How to Prepare for the Paleo Diet
Depending on how closely you stick to consuming the things from the authorized list and how much physical activity you add to your daily routine. You might lose weight following a Paleolithic diet—and rapidly, too.
Long-term, you must make sure that you are consuming the calcium and other minerals that you are depriving yourself of by avoiding dairy products and certain grains. You must make sure you’re incorporating certain foods that are consider paleo, like salmon and spinach, in your diet since they contain calcium. To ensure you’re getting enough calcium and other nutrients, it might be a good idea to see a trained dietitian.
Overall, the paleo diet is not a horrible option, according to Holley. A person is likely to experience some health advantages from the diet if they replace processed foods, processed meats, and sugar-sweetened drinks with more fruits, vegetables, and healthy fats.
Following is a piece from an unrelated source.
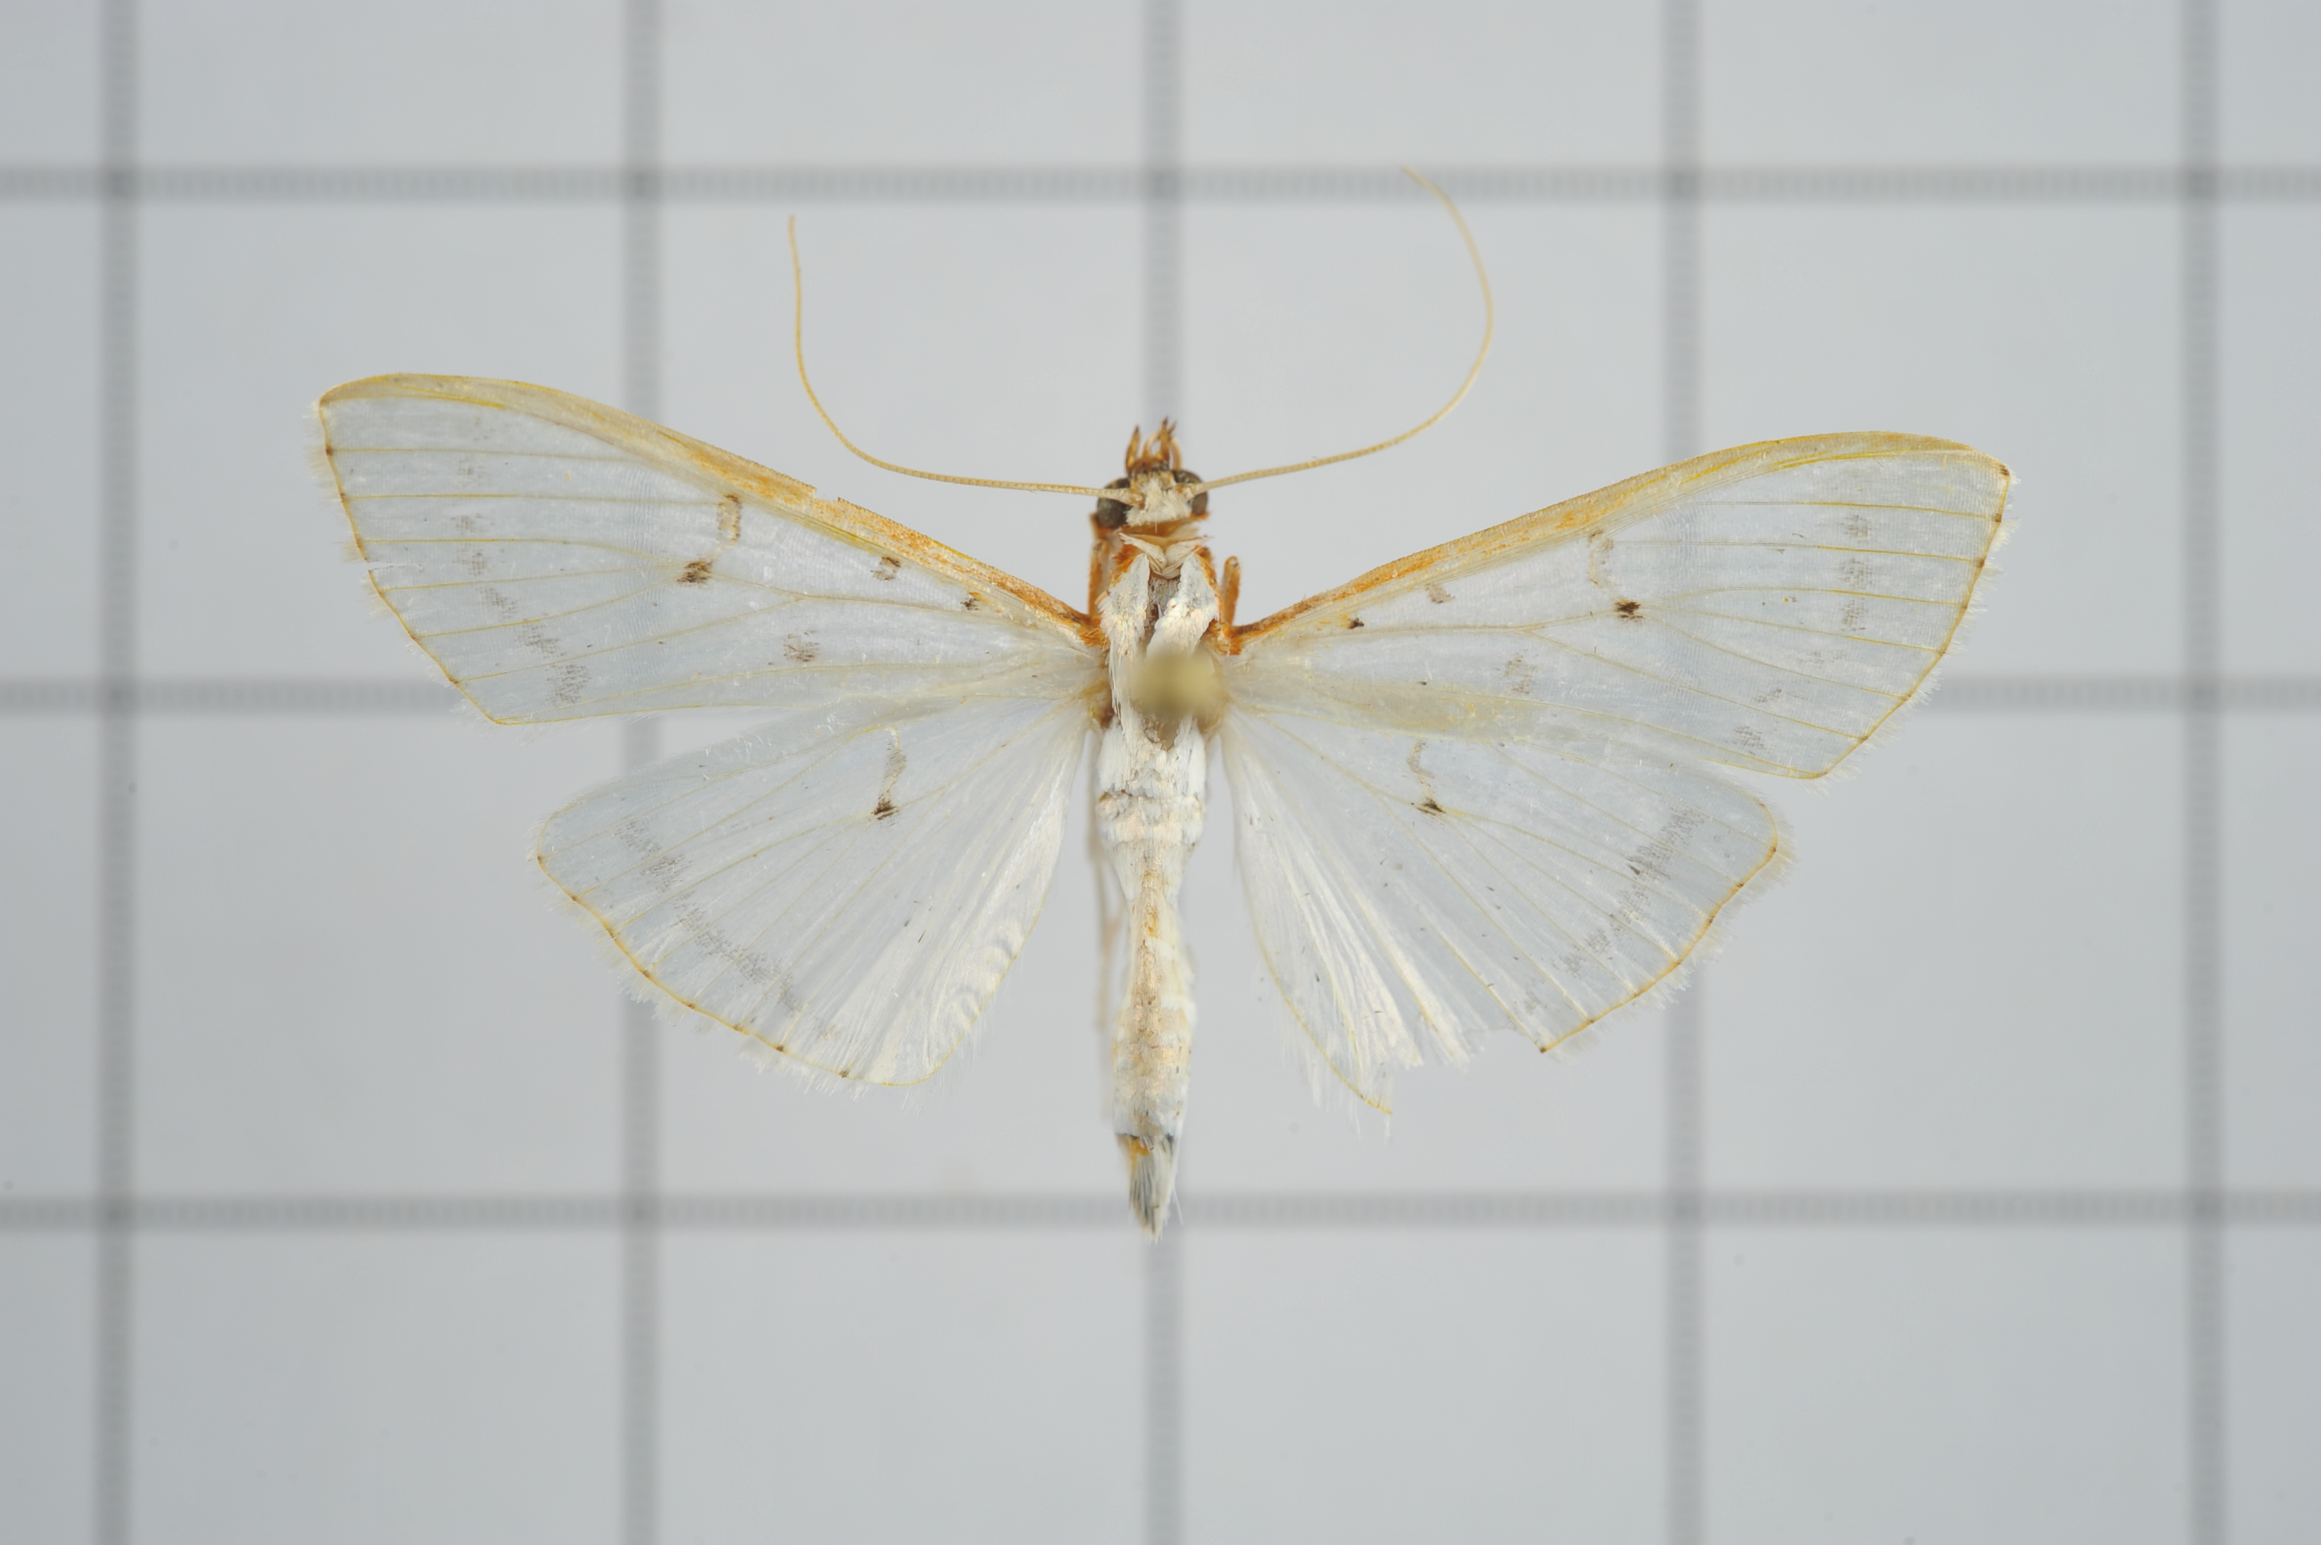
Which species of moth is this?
Palpita asiaticalis
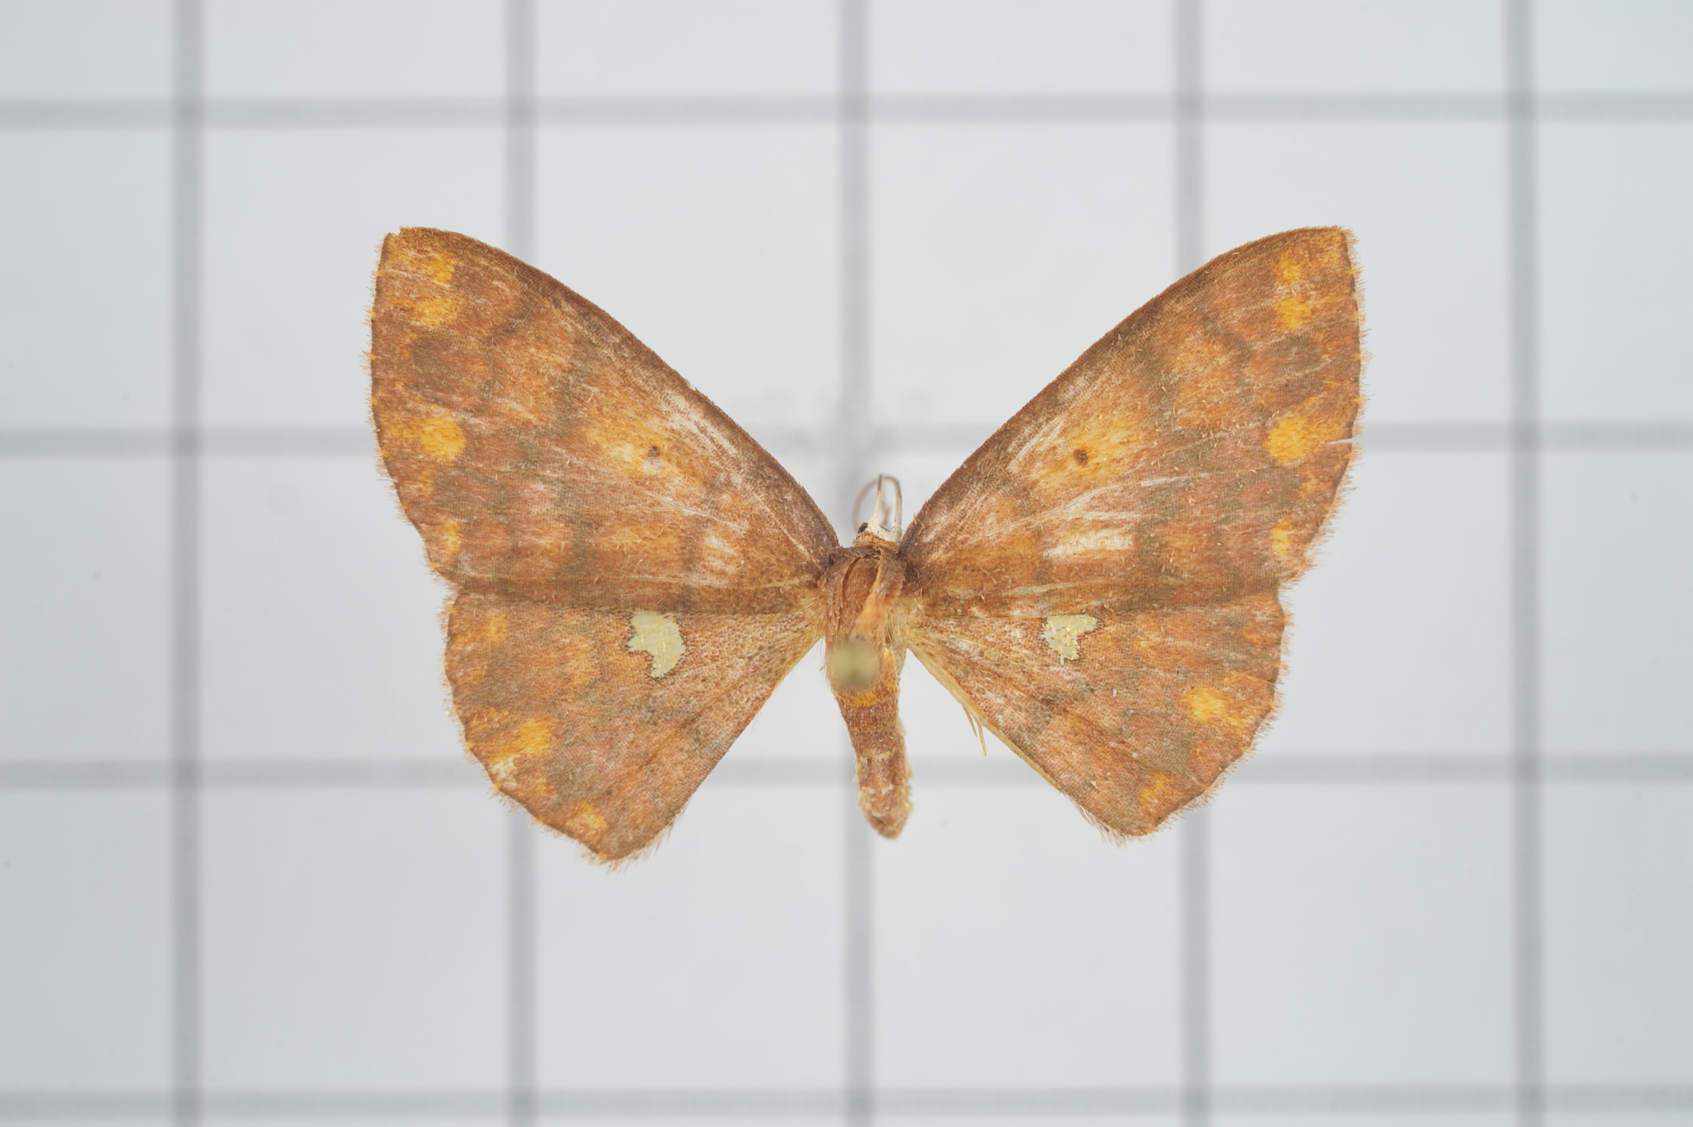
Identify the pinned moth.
Discoglypha locupletata

According to Holley, “one thing to consider is how extreme you want to take it,” adding that some iterations of the diet are more restricted than others, excluding things like dairy or peanut butter. To eliminate several food categories at once might be daunting. Holley advises attempting gradual, moderate improvements instead.
“I’ve always believed that if we make all of the changes at once, they are less likely to stay. We’re more likely to hold onto these things if we make modest adjustments, says Holley.
Overall, the diet is not for everyone, but some people could benefit from it, according to Holley. Before beginning a diet, each individual should thoroughly comprehend it, according to the expert.
Be important to consult your doctor before making any changes to your diet or exercise routine to ensure. The adjustments you are considering are in line with your unique health requirements.